In a study on mice, scientists gave mice subjects different doses of THC and then watched whether they avoided open spaces (a sign of increased anxiety in mice). Those who had lower doses spent more time exploring the open area than controls, while those with higher doses spent less time there. This suggests that lower doses reduced anxiety while higher doses increased it.
This was also replicated in a human study, where 42 patients were administered either a placebo or low (7.5 mg) or high (12.5 mg) doses of THC. After being given a variety of stress-inducing tests they were asked to rate their own stress. Like with the mice, those who took the low dose reported lower anxiety than those who took the placebo, while those who took the high dose experienced an increased anxiety response. While 7.5 milligrams isn’t an exceptionally low dose, in other experiments, doses of THC as low as 4 milligrams have also been effective at reducing anxiety symptoms in patients with PTSD.

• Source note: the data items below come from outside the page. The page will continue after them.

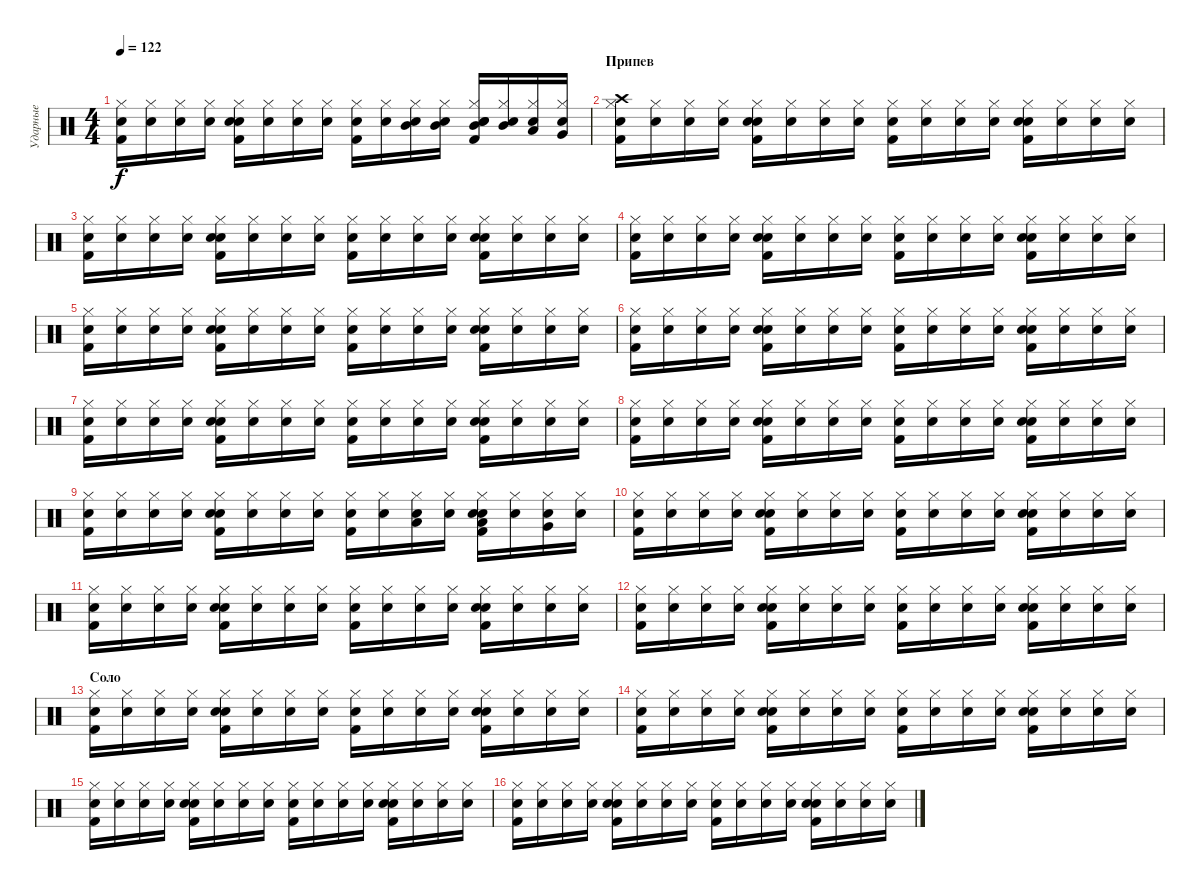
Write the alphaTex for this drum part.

\track ("Ударные" "Ударные") {instrument percussion}
\staff {score}
\articulation defaults
\ts (4 4)
\tempo 122
\clef neutral
\ks c
("Snare (hit)" "Kick (hit) 2" "Hi-Hat (closed)").16{dy f} ("Snare (hit)" "Hi-Hat (closed)").16 ("Snare (hit)" "Hi-Hat (closed)").16 ("Snare (hit)" "Hi-Hat (closed)").16 ("Snare (hit)" "Kick (hit) 2" "Snare (hit) 2" "Hi-Hat (closed)").16 ("Snare (hit)" "Hi-Hat (closed)").16 ("Snare (hit)" "Hi-Hat (closed)").16 ("Snare (hit)" "Hi-Hat (closed)").16 ("Snare (hit)" "Kick (hit) 2" "Hi-Hat (closed)").16 ("Snare (hit)" "Hi-Hat (closed)").16 ("Snare (hit)" "Mid Tom (hit)" "Hi-Hat (closed)").16 ("Snare (hit)" "Hi-Hat (closed)" "Mid Tom (hit)").16 ("Snare (hit)" "Kick (hit) 2" "Snare (hit) 2" "Hi-Hat (closed)" "Mid Tom (hit)").16 ("Snare (hit)" "Hi-Hat (closed)" "Mid Tom (hit)").16 ("Snare (hit)" "Hi-Hat (closed)" "Low Tom (hit)").16 ("Snare (hit)" "Hi-Hat (closed)" "Very Low Tom (hit)").16 |
\section ("" "Припев")
("Snare (hit)" "Crash high (hit)" "Kick (hit) 2" "Hi-Hat (closed)").16 ("Snare (hit)" "Hi-Hat (closed)").16 ("Snare (hit)" "Hi-Hat (closed)").16 ("Snare (hit)" "Hi-Hat (closed)").16 ("Snare (hit)" "Kick (hit) 2" "Snare (hit) 2" "Hi-Hat (closed)").16 ("Snare (hit)" "Hi-Hat (closed)").16 ("Snare (hit)" "Hi-Hat (closed)").16 ("Snare (hit)" "Hi-Hat (closed)").16 ("Snare (hit)" "Kick (hit) 2" "Hi-Hat (closed)").16 ("Snare (hit)" "Hi-Hat (closed)").16 ("Snare (hit)" "Hi-Hat (closed)").16 ("Snare (hit)" "Hi-Hat (closed)").16 ("Snare (hit)" "Kick (hit) 2" "Snare (hit) 2" "Hi-Hat (closed)").16 ("Snare (hit)" "Hi-Hat (closed)").16 ("Snare (hit)" "Hi-Hat (closed)").16 ("Snare (hit)" "Hi-Hat (closed)").16 |
("Snare (hit)" "Kick (hit) 2" "Hi-Hat (closed)").16 ("Snare (hit)" "Hi-Hat (closed)").16 ("Snare (hit)" "Hi-Hat (closed)").16 ("Snare (hit)" "Hi-Hat (closed)").16 ("Snare (hit)" "Kick (hit) 2" "Snare (hit) 2" "Hi-Hat (closed)").16 ("Snare (hit)" "Hi-Hat (closed)").16 ("Snare (hit)" "Hi-Hat (closed)").16 ("Snare (hit)" "Hi-Hat (closed)").16 ("Snare (hit)" "Kick (hit) 2" "Hi-Hat (closed)").16 ("Snare (hit)" "Hi-Hat (closed)").16 ("Snare (hit)" "Hi-Hat (closed)").16 ("Snare (hit)" "Hi-Hat (closed)").16 ("Snare (hit)" "Kick (hit) 2" "Snare (hit) 2" "Hi-Hat (closed)").16 ("Snare (hit)" "Hi-Hat (closed)").16 ("Snare (hit)" "Hi-Hat (closed)").16 ("Snare (hit)" "Hi-Hat (closed)").16 |
("Snare (hit)" "Kick (hit) 2" "Hi-Hat (closed)").16 ("Snare (hit)" "Hi-Hat (closed)").16 ("Snare (hit)" "Hi-Hat (closed)").16 ("Snare (hit)" "Hi-Hat (closed)").16 ("Snare (hit)" "Kick (hit) 2" "Snare (hit) 2" "Hi-Hat (closed)").16 ("Snare (hit)" "Hi-Hat (closed)").16 ("Snare (hit)" "Hi-Hat (closed)").16 ("Snare (hit)" "Hi-Hat (closed)").16 ("Snare (hit)" "Kick (hit) 2" "Hi-Hat (closed)").16 ("Snare (hit)" "Hi-Hat (closed)").16 ("Snare (hit)" "Hi-Hat (closed)").16 ("Snare (hit)" "Hi-Hat (closed)").16 ("Snare (hit)" "Kick (hit) 2" "Snare (hit) 2" "Hi-Hat (closed)").16 ("Snare (hit)" "Hi-Hat (closed)").16 ("Snare (hit)" "Hi-Hat (closed)").16 ("Snare (hit)" "Hi-Hat (closed)").16 |
("Snare (hit)" "Kick (hit) 2" "Hi-Hat (closed)").16 ("Snare (hit)" "Hi-Hat (closed)").16 ("Snare (hit)" "Hi-Hat (closed)").16 ("Snare (hit)" "Hi-Hat (closed)").16 ("Snare (hit)" "Kick (hit) 2" "Snare (hit) 2" "Hi-Hat (closed)").16 ("Snare (hit)" "Hi-Hat (closed)").16 ("Snare (hit)" "Hi-Hat (closed)").16 ("Snare (hit)" "Hi-Hat (closed)").16 ("Snare (hit)" "Kick (hit) 2" "Hi-Hat (closed)").16 ("Snare (hit)" "Hi-Hat (closed)").16 ("Snare (hit)" "Hi-Hat (closed)").16 ("Snare (hit)" "Hi-Hat (closed)").16 ("Snare (hit)" "Kick (hit) 2" "Snare (hit) 2" "Hi-Hat (closed)").16 ("Snare (hit)" "Hi-Hat (closed)").16 ("Snare (hit)" "Hi-Hat (closed)").16 ("Snare (hit)" "Hi-Hat (closed)").16 |
("Snare (hit)" "Kick (hit) 2" "Hi-Hat (closed)").16 ("Snare (hit)" "Hi-Hat (closed)").16 ("Snare (hit)" "Hi-Hat (closed)").16 ("Snare (hit)" "Hi-Hat (closed)").16 ("Snare (hit)" "Kick (hit) 2" "Snare (hit) 2" "Hi-Hat (closed)").16 ("Snare (hit)" "Hi-Hat (closed)").16 ("Snare (hit)" "Hi-Hat (closed)").16 ("Snare (hit)" "Hi-Hat (closed)").16 ("Snare (hit)" "Kick (hit) 2" "Hi-Hat (closed)").16 ("Snare (hit)" "Hi-Hat (closed)").16 ("Snare (hit)" "Hi-Hat (closed)").16 ("Snare (hit)" "Hi-Hat (closed)").16 ("Snare (hit)" "Kick (hit) 2" "Snare (hit) 2" "Hi-Hat (closed)").16 ("Snare (hit)" "Hi-Hat (closed)").16 ("Snare (hit)" "Hi-Hat (closed)").16 ("Snare (hit)" "Hi-Hat (closed)").16 |
("Snare (hit)" "Kick (hit) 2" "Hi-Hat (closed)").16 ("Snare (hit)" "Hi-Hat (closed)").16 ("Snare (hit)" "Hi-Hat (closed)").16 ("Snare (hit)" "Hi-Hat (closed)").16 ("Snare (hit)" "Kick (hit) 2" "Snare (hit) 2" "Hi-Hat (closed)").16 ("Snare (hit)" "Hi-Hat (closed)").16 ("Snare (hit)" "Hi-Hat (closed)").16 ("Snare (hit)" "Hi-Hat (closed)").16 ("Snare (hit)" "Kick (hit) 2" "Hi-Hat (closed)").16 ("Snare (hit)" "Hi-Hat (closed)").16 ("Snare (hit)" "Hi-Hat (closed)").16 ("Snare (hit)" "Hi-Hat (closed)").16 ("Snare (hit)" "Kick (hit) 2" "Snare (hit) 2" "Hi-Hat (closed)").16 ("Snare (hit)" "Hi-Hat (closed)").16 ("Snare (hit)" "Hi-Hat (closed)").16 ("Snare (hit)" "Hi-Hat (closed)").16 |
("Snare (hit)" "Kick (hit) 2" "Hi-Hat (closed)").16 ("Snare (hit)" "Hi-Hat (closed)").16 ("Snare (hit)" "Hi-Hat (closed)").16 ("Snare (hit)" "Hi-Hat (closed)").16 ("Snare (hit)" "Kick (hit) 2" "Snare (hit) 2" "Hi-Hat (closed)").16 ("Snare (hit)" "Hi-Hat (closed)").16 ("Snare (hit)" "Hi-Hat (closed)").16 ("Snare (hit)" "Hi-Hat (closed)").16 ("Snare (hit)" "Kick (hit) 2" "Hi-Hat (closed)").16 ("Snare (hit)" "Hi-Hat (closed)").16 ("Snare (hit)" "Hi-Hat (closed)").16 ("Snare (hit)" "Hi-Hat (closed)").16 ("Snare (hit)" "Kick (hit) 2" "Snare (hit) 2" "Hi-Hat (closed)").16 ("Snare (hit)" "Hi-Hat (closed)").16 ("Snare (hit)" "Hi-Hat (closed)").16 ("Snare (hit)" "Hi-Hat (closed)").16 |
("Snare (hit)" "Kick (hit) 2" "Hi-Hat (closed)").16 ("Snare (hit)" "Hi-Hat (closed)").16 ("Snare (hit)" "Hi-Hat (closed)").16 ("Snare (hit)" "Hi-Hat (closed)").16 ("Snare (hit)" "Kick (hit) 2" "Snare (hit) 2" "Hi-Hat (closed)").16 ("Snare (hit)" "Hi-Hat (closed)").16 ("Snare (hit)" "Hi-Hat (closed)").16 ("Snare (hit)" "Hi-Hat (closed)").16 ("Snare (hit)" "Kick (hit) 2" "Hi-Hat (closed)").16 ("Snare (hit)" "Hi-Hat (closed)").16 ("Snare (hit)" "Low Tom (hit)" "Hi-Hat (closed)").16 ("Snare (hit)" "Hi-Hat (closed)").16 ("Snare (hit)" "Low Tom (hit)" "Kick (hit) 2" "Snare (hit) 2" "Hi-Hat (closed)").16 ("Snare (hit)" "Hi-Hat (closed)").16 ("Snare (hit)" "Very Low Tom (hit)" "Hi-Hat (closed)").16 ("Snare (hit)" "Hi-Hat (closed)").16 |
("Snare (hit)" "Kick (hit) 2" "Hi-Hat (closed)").16 ("Snare (hit)" "Hi-Hat (closed)").16 ("Snare (hit)" "Hi-Hat (closed)").16 ("Snare (hit)" "Hi-Hat (closed)").16 ("Snare (hit)" "Kick (hit) 2" "Snare (hit) 2" "Hi-Hat (closed)").16 ("Snare (hit)" "Hi-Hat (closed)").16 ("Snare (hit)" "Hi-Hat (closed)").16 ("Snare (hit)" "Hi-Hat (closed)").16 ("Snare (hit)" "Kick (hit) 2" "Hi-Hat (closed)").16 ("Snare (hit)" "Hi-Hat (closed)").16 ("Snare (hit)" "Hi-Hat (closed)").16 ("Snare (hit)" "Hi-Hat (closed)").16 ("Snare (hit)" "Kick (hit) 2" "Snare (hit) 2" "Hi-Hat (closed)").16 ("Snare (hit)" "Hi-Hat (closed)").16 ("Snare (hit)" "Hi-Hat (closed)").16 ("Snare (hit)" "Hi-Hat (closed)").16 |
("Snare (hit)" "Kick (hit) 2" "Hi-Hat (closed)").16 ("Snare (hit)" "Hi-Hat (closed)").16 ("Snare (hit)" "Hi-Hat (closed)").16 ("Snare (hit)" "Hi-Hat (closed)").16 ("Snare (hit)" "Kick (hit) 2" "Snare (hit) 2" "Hi-Hat (closed)").16 ("Snare (hit)" "Hi-Hat (closed)").16 ("Snare (hit)" "Hi-Hat (closed)").16 ("Snare (hit)" "Hi-Hat (closed)").16 ("Snare (hit)" "Kick (hit) 2" "Hi-Hat (closed)").16 ("Snare (hit)" "Hi-Hat (closed)").16 ("Snare (hit)" "Hi-Hat (closed)").16 ("Snare (hit)" "Hi-Hat (closed)").16 ("Snare (hit)" "Kick (hit) 2" "Snare (hit) 2" "Hi-Hat (closed)").16 ("Snare (hit)" "Hi-Hat (closed)").16 ("Snare (hit)" "Hi-Hat (closed)").16 ("Snare (hit)" "Hi-Hat (closed)").16 |
("Snare (hit)" "Kick (hit) 2" "Hi-Hat (closed)").16 ("Snare (hit)" "Hi-Hat (closed)").16 ("Snare (hit)" "Hi-Hat (closed)").16 ("Snare (hit)" "Hi-Hat (closed)").16 ("Snare (hit)" "Kick (hit) 2" "Snare (hit) 2" "Hi-Hat (closed)").16 ("Snare (hit)" "Hi-Hat (closed)").16 ("Snare (hit)" "Hi-Hat (closed)").16 ("Snare (hit)" "Hi-Hat (closed)").16 ("Snare (hit)" "Kick (hit) 2" "Hi-Hat (closed)").16 ("Snare (hit)" "Hi-Hat (closed)").16 ("Snare (hit)" "Hi-Hat (closed)").16 ("Snare (hit)" "Hi-Hat (closed)").16 ("Snare (hit)" "Kick (hit) 2" "Snare (hit) 2" "Hi-Hat (closed)").16 ("Snare (hit)" "Hi-Hat (closed)").16 ("Snare (hit)" "Hi-Hat (closed)").16 ("Snare (hit)" "Hi-Hat (closed)").16 |
\section ("" "Соло")
("Snare (hit)" "Kick (hit) 2" "Hi-Hat (closed)").16 ("Snare (hit)" "Hi-Hat (closed)").16 ("Snare (hit)" "Hi-Hat (closed)").16 ("Snare (hit)" "Hi-Hat (closed)").16 ("Snare (hit)" "Kick (hit) 2" "Snare (hit) 2" "Hi-Hat (closed)").16 ("Snare (hit)" "Hi-Hat (closed)").16 ("Snare (hit)" "Hi-Hat (closed)").16 ("Snare (hit)" "Hi-Hat (closed)").16 ("Snare (hit)" "Kick (hit) 2" "Hi-Hat (closed)").16 ("Snare (hit)" "Hi-Hat (closed)").16 ("Snare (hit)" "Hi-Hat (closed)").16 ("Snare (hit)" "Hi-Hat (closed)").16 ("Snare (hit)" "Kick (hit) 2" "Snare (hit) 2" "Hi-Hat (closed)").16 ("Snare (hit)" "Hi-Hat (closed)").16 ("Snare (hit)" "Hi-Hat (closed)").16 ("Snare (hit)" "Hi-Hat (closed)").16 |
("Snare (hit)" "Kick (hit) 2" "Hi-Hat (closed)").16 ("Snare (hit)" "Hi-Hat (closed)").16 ("Snare (hit)" "Hi-Hat (closed)").16 ("Snare (hit)" "Hi-Hat (closed)").16 ("Snare (hit)" "Kick (hit) 2" "Snare (hit) 2" "Hi-Hat (closed)").16 ("Snare (hit)" "Hi-Hat (closed)").16 ("Snare (hit)" "Hi-Hat (closed)").16 ("Snare (hit)" "Hi-Hat (closed)").16 ("Snare (hit)" "Kick (hit) 2" "Hi-Hat (closed)").16 ("Snare (hit)" "Hi-Hat (closed)").16 ("Snare (hit)" "Hi-Hat (closed)").16 ("Snare (hit)" "Hi-Hat (closed)").16 ("Snare (hit)" "Kick (hit) 2" "Snare (hit) 2" "Hi-Hat (closed)").16 ("Snare (hit)" "Hi-Hat (closed)").16 ("Snare (hit)" "Hi-Hat (closed)").16 ("Snare (hit)" "Hi-Hat (closed)").16 |
("Snare (hit)" "Kick (hit) 2" "Hi-Hat (closed)").16 ("Snare (hit)" "Hi-Hat (closed)").16 ("Snare (hit)" "Hi-Hat (closed)").16 ("Snare (hit)" "Hi-Hat (closed)").16 ("Snare (hit)" "Kick (hit) 2" "Snare (hit) 2" "Hi-Hat (closed)").16 ("Snare (hit)" "Hi-Hat (closed)").16 ("Snare (hit)" "Hi-Hat (closed)").16 ("Snare (hit)" "Hi-Hat (closed)").16 ("Snare (hit)" "Kick (hit) 2" "Hi-Hat (closed)").16 ("Snare (hit)" "Hi-Hat (closed)").16 ("Snare (hit)" "Hi-Hat (closed)").16 ("Snare (hit)" "Hi-Hat (closed)").16 ("Snare (hit)" "Kick (hit) 2" "Snare (hit) 2" "Hi-Hat (closed)").16 ("Snare (hit)" "Hi-Hat (closed)").16 ("Snare (hit)" "Hi-Hat (closed)").16 ("Snare (hit)" "Hi-Hat (closed)").16 |
("Snare (hit)" "Kick (hit) 2" "Hi-Hat (closed)").16 ("Snare (hit)" "Hi-Hat (closed)").16 ("Snare (hit)" "Hi-Hat (closed)").16 ("Snare (hit)" "Hi-Hat (closed)").16 ("Snare (hit)" "Kick (hit) 2" "Snare (hit) 2" "Hi-Hat (closed)").16 ("Snare (hit)" "Hi-Hat (closed)").16 ("Snare (hit)" "Hi-Hat (closed)").16 ("Snare (hit)" "Hi-Hat (closed)").16 ("Snare (hit)" "Kick (hit) 2" "Hi-Hat (closed)").16 ("Snare (hit)" "Hi-Hat (closed)").16 ("Snare (hit)" "Hi-Hat (closed)").16 ("Snare (hit)" "Hi-Hat (closed)").16 ("Snare (hit)" "Kick (hit) 2" "Snare (hit) 2" "Hi-Hat (closed)").16 ("Snare (hit)" "Hi-Hat (closed)").16 ("Snare (hit)" "Hi-Hat (closed)").16 ("Snare (hit)" "Hi-Hat (closed)").16

But THC isn’t the only chemical in cannabis with biphasic effects. Similar effects have also been noted in CBD, a medicinal cannabinoid without THC’s mind-altering high. Animal studies on CBD and pain, for example, show that pure CBD reduces pain responses at lower doses, but then at a certain point can actually increase pain responses. Interestingly, when the same dose of CBD is left in a full spectrum cannabis extract (which includes other chemicals found naturally in the cannabis plant) this dose dependant curve disappears. CBD continues to increase pain relief as the dose increases, with no observed ceiling on the effect. Thus other compounds in the plant may offer a protection against this biphasic effect of CBD.
Biphasic responses have also been noted with CBD for nausea and vomiting relief. In animal studies, CBD decreased nausea and vomiting measures at low doses but seemed to enhance them at high doses. Other biphasic effects such as sedation and immune responses have also been found from CBD.
Working with Biphasic Responses
While the biphasic nature of cannabis might be intimidating at first, understanding it can help you better utilize your medicine.
This is especially important for conditions related to the studied biphasic effects mentioned above, such as anxiety and depression, sleep or fatigue issues, nausea, pain, immune health, or obesity and eating issues. But, it’s also something that should be taken into account anytime you are treating a condition with cannabis — since these effects are relevant even if they are just side effects.
The moral of the story is that dose matters. While you might think more is better, instinctually, the science shows that sometimes a smaller dose is more effective. To find your ideal dose, work with a practitioner who specializes in cannabinoid medicine. They can help you to hone in the right dose for you. By starting low (around 2.5mg) and gradually increasing, you can find your optimal dose and avoid ending up on the wrong side of that biphasic response curve.